## Problem statement
Scan the records below. List lines holding "middle".

## Data supplied
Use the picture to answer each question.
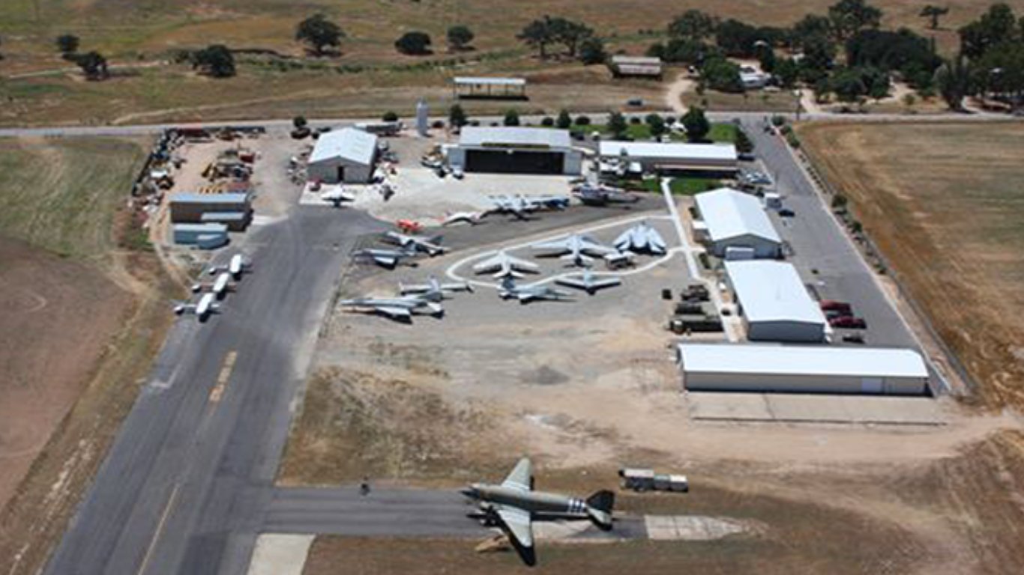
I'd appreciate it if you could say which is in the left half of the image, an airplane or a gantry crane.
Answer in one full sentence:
The one visible in the left half of the image is an airplane.
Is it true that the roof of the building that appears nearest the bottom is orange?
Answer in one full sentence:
No, the roof of the building that appears nearest the bottom is white.
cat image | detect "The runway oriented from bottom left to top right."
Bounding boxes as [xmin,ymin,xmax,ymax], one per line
[46,205,384,575]
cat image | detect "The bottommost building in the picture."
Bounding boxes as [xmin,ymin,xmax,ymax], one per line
[677,343,934,397]
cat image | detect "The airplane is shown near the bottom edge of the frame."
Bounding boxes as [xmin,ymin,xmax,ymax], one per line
[459,457,613,550]
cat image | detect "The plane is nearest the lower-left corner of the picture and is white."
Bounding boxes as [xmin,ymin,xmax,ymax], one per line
[172,295,224,319]
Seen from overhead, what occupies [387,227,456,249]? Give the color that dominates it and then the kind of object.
gray airplane
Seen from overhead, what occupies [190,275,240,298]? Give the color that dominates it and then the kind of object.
white airplane
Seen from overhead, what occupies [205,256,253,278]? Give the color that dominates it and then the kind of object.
white airplane
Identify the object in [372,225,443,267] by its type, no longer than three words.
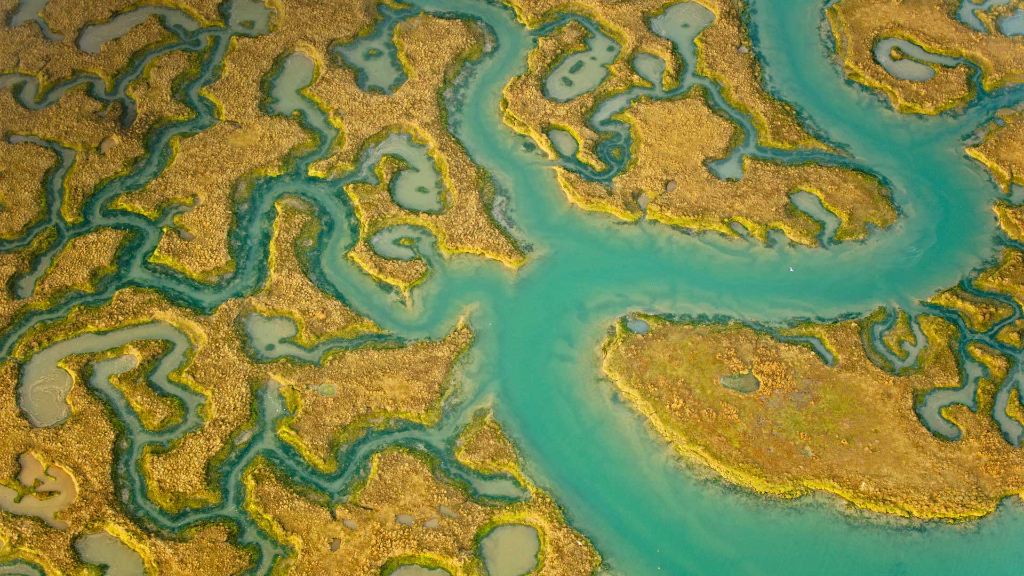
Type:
pond
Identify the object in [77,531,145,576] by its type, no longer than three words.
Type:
pond
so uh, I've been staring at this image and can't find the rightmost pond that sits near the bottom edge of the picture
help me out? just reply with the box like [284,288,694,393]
[479,525,540,576]
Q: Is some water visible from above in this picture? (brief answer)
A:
Yes
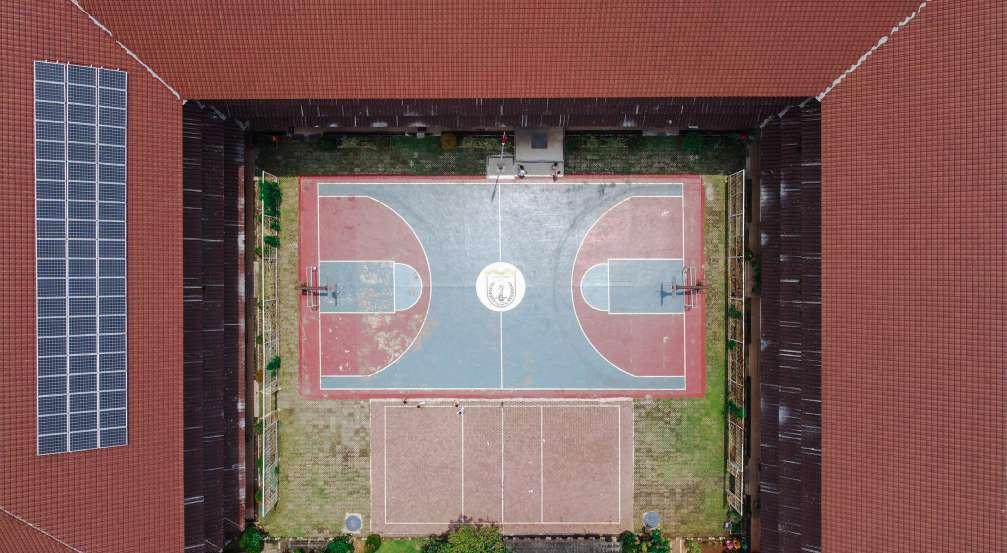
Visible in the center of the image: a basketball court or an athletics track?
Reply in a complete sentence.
What appears in the center of the image is a basketball court.
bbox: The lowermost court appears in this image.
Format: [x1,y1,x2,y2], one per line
[370,398,633,535]
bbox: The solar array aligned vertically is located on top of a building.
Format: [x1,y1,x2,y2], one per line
[33,60,127,457]
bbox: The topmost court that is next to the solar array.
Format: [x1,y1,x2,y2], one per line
[299,175,705,399]
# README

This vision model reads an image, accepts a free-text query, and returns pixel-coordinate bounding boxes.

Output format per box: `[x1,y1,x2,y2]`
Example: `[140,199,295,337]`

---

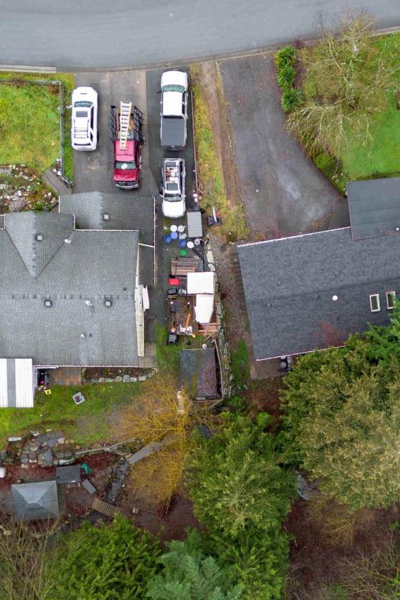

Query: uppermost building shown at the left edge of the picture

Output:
[0,192,159,368]
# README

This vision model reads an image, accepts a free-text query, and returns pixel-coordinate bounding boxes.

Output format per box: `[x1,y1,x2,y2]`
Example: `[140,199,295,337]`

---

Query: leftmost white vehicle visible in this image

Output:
[69,88,102,151]
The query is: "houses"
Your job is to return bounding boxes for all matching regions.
[0,192,159,368]
[237,176,400,362]
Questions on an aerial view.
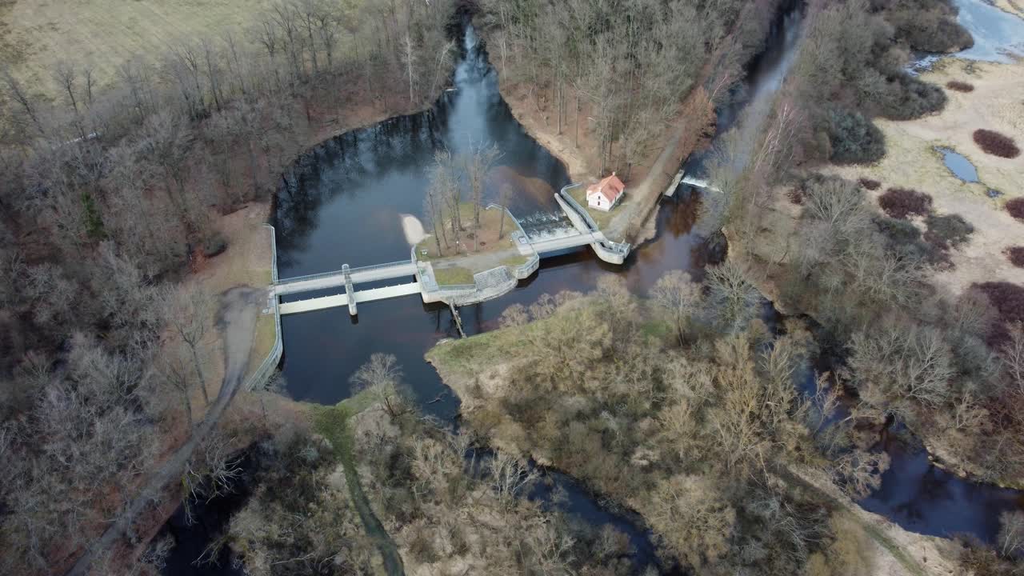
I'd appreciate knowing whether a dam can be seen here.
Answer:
Yes
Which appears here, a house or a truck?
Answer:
house
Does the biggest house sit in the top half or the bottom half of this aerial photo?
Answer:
top
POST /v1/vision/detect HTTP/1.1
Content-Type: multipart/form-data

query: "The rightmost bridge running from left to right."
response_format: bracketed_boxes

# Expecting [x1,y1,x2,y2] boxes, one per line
[529,229,598,254]
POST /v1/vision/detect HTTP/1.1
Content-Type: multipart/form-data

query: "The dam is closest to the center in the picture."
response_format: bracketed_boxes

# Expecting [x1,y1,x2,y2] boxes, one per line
[516,193,591,252]
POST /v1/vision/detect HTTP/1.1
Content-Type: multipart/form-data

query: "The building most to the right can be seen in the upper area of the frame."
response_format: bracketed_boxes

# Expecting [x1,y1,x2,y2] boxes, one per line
[582,173,621,211]
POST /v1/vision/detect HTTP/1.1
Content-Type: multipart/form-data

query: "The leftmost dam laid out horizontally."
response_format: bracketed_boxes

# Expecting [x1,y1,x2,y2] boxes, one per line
[278,268,420,319]
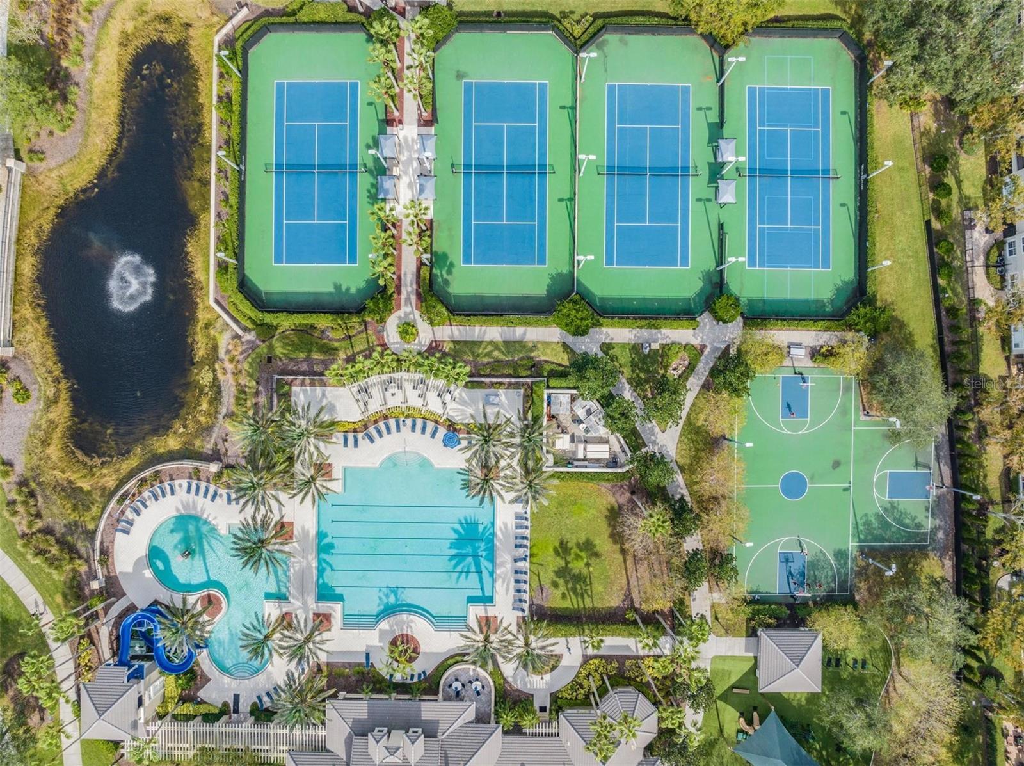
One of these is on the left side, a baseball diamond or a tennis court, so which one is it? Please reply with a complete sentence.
The one visible on the left side is a tennis court.
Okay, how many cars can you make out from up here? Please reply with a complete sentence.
I count no cars.
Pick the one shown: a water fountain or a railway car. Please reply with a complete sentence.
Looking from above, you can make out a water fountain.
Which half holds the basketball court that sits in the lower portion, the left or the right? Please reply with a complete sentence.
The basketball court that sits in the lower portion appears in the right half of the scene.
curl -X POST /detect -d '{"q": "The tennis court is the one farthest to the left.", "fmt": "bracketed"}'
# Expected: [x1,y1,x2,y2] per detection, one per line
[244,33,386,308]
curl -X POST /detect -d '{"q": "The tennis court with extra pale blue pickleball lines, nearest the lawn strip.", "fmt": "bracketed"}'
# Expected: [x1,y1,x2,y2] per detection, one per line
[722,38,860,315]
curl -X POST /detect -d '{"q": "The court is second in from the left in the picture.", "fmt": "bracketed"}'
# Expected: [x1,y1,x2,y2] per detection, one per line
[433,33,576,311]
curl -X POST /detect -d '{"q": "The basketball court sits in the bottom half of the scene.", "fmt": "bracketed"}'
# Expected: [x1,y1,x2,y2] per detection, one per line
[732,368,938,603]
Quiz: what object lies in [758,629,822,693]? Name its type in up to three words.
building
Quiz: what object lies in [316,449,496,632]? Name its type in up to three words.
swimming pool
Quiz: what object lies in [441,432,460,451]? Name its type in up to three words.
umbrella
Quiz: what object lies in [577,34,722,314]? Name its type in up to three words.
tennis court
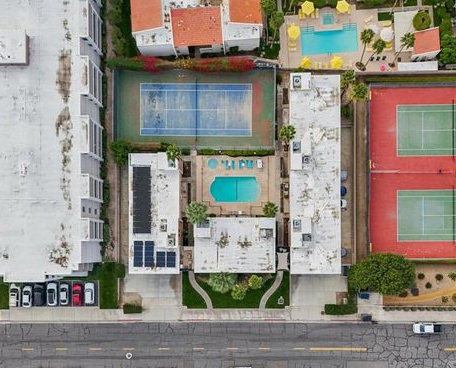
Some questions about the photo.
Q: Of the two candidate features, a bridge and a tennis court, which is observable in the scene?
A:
tennis court
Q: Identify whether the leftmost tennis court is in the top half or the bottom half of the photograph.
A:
top
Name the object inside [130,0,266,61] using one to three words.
building
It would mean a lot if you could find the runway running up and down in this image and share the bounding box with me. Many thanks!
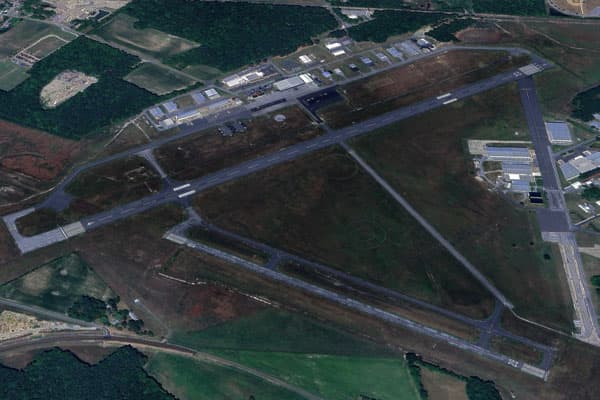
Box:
[517,74,564,207]
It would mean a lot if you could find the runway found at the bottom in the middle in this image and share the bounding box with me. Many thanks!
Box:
[163,233,548,380]
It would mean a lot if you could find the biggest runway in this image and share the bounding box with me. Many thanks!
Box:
[19,60,553,252]
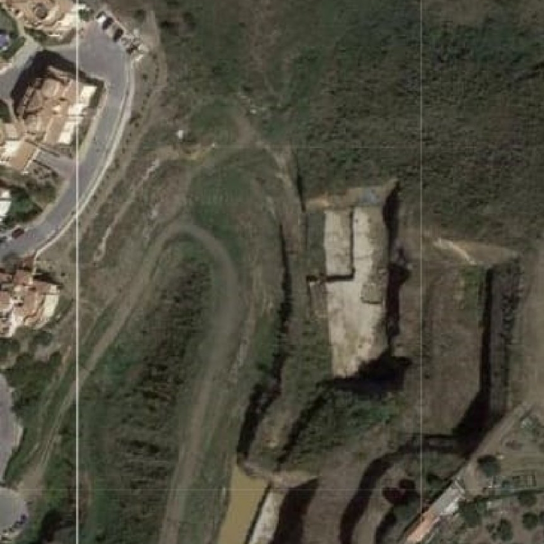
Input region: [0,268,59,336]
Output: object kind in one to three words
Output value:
house
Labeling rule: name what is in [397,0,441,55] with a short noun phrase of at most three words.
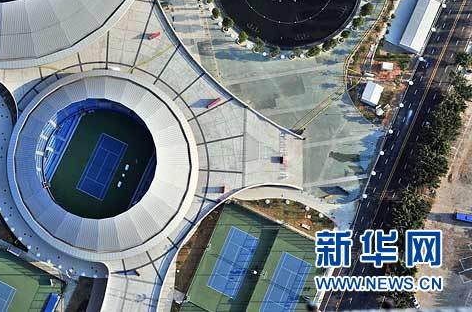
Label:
shed
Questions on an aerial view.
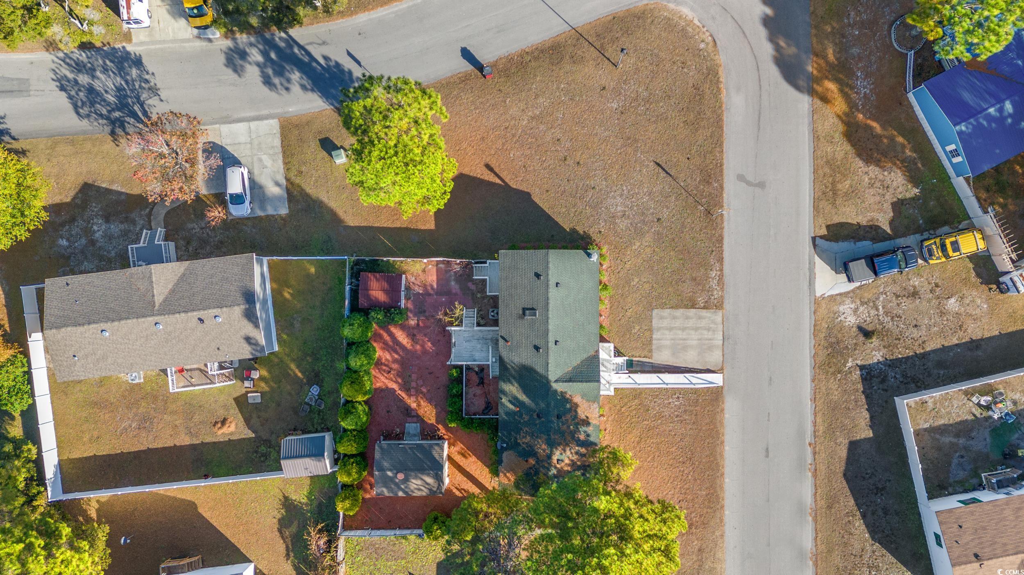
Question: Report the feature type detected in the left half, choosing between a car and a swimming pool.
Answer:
car
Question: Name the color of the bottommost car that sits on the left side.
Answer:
white
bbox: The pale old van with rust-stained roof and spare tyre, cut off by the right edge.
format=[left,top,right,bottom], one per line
[999,266,1024,297]
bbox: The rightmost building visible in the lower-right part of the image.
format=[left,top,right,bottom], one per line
[917,482,1024,575]
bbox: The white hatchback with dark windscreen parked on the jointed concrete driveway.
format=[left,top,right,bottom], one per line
[223,163,251,215]
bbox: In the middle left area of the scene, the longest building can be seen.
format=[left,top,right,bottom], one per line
[43,252,280,383]
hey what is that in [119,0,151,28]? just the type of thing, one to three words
van
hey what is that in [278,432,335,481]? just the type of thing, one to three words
shed
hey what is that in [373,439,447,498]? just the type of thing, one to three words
shed
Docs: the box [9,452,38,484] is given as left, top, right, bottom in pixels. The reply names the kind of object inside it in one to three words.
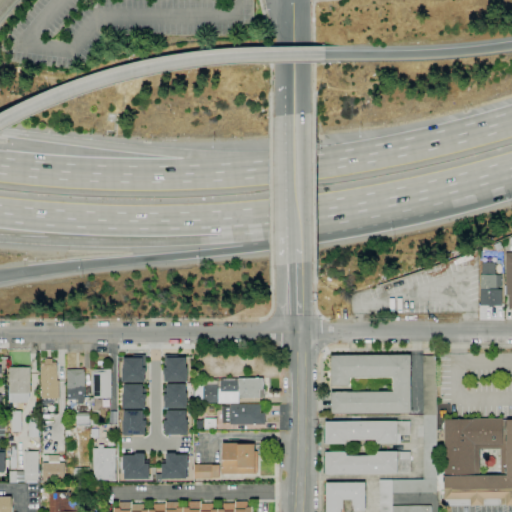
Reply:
house
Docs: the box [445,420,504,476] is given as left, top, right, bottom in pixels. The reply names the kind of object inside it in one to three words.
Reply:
house
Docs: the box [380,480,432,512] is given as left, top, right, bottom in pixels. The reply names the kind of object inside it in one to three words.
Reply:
building
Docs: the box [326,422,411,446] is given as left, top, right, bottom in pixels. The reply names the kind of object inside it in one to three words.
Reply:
building
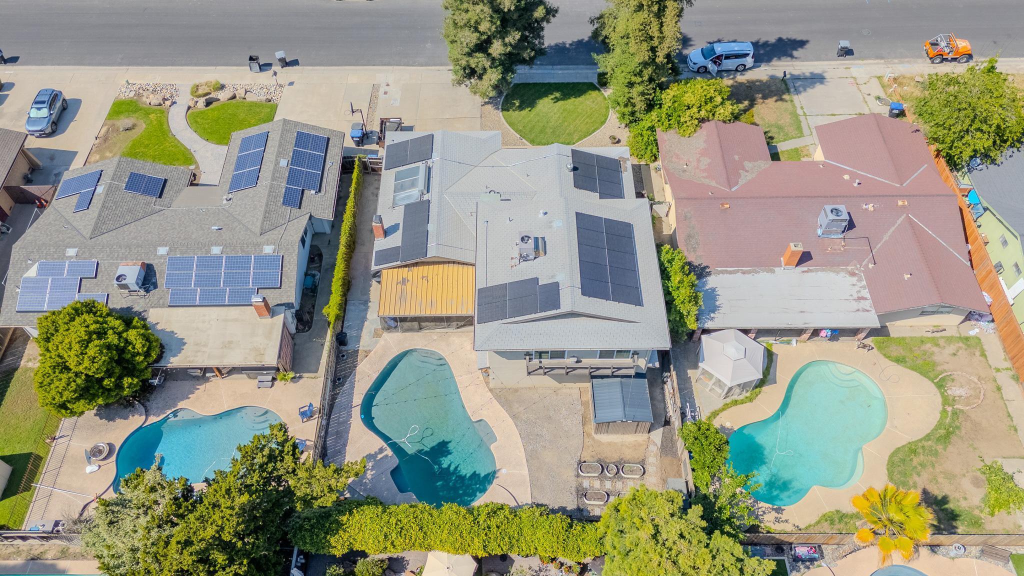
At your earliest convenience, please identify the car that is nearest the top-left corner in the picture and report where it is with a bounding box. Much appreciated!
[20,87,67,138]
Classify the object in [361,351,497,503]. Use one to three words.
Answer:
swimming pool
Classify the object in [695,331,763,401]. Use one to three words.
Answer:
gazebo
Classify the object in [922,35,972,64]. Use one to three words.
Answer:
car
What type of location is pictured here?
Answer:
residential area
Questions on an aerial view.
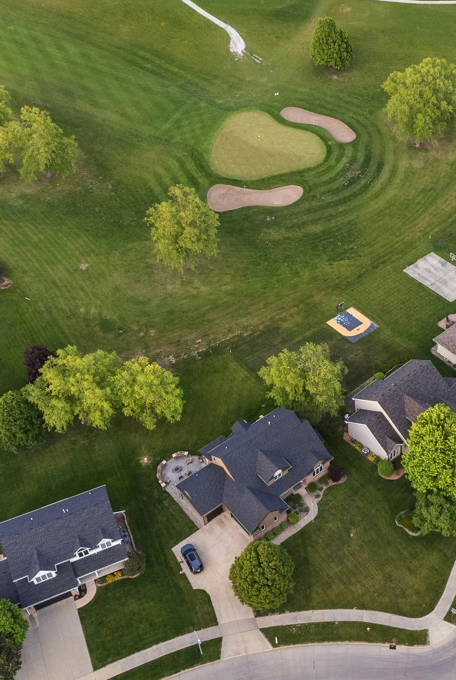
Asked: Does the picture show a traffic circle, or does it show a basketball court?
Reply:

## Final answer
It would mean a lot if you could find the runway found at the bottom in the middle in this image and share the bounding box with me. Many thanks!
bbox: In the middle left area of the scene, the longest building can be seen.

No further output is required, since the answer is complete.